━━━ DATA EXCERPT ━━━

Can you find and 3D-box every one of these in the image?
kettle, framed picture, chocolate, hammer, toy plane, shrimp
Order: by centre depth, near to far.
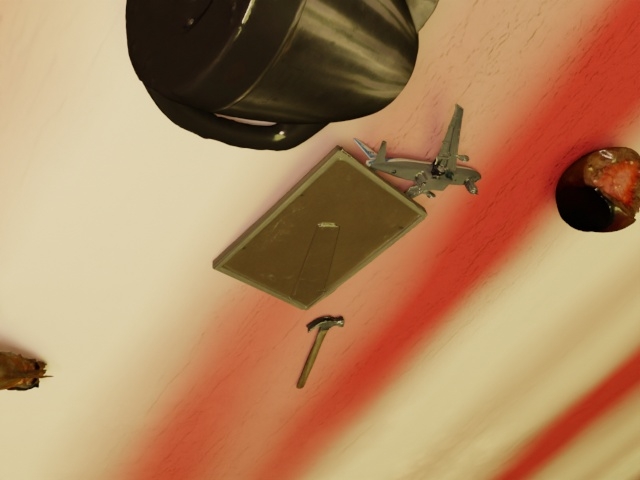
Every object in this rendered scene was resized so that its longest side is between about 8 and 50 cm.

━━━

## EXERCISE GOAL
Output the material above verbatim but exclude each picture.

## COMPLETED TASK
Can you find and 3D-box every one of these in the image?
kettle, framed picture, chocolate, hammer, toy plane, shrimp
Order: by centre depth, near to far.
Every object in this rendered scene was resized so that its longest side is between about 8 and 50 cm.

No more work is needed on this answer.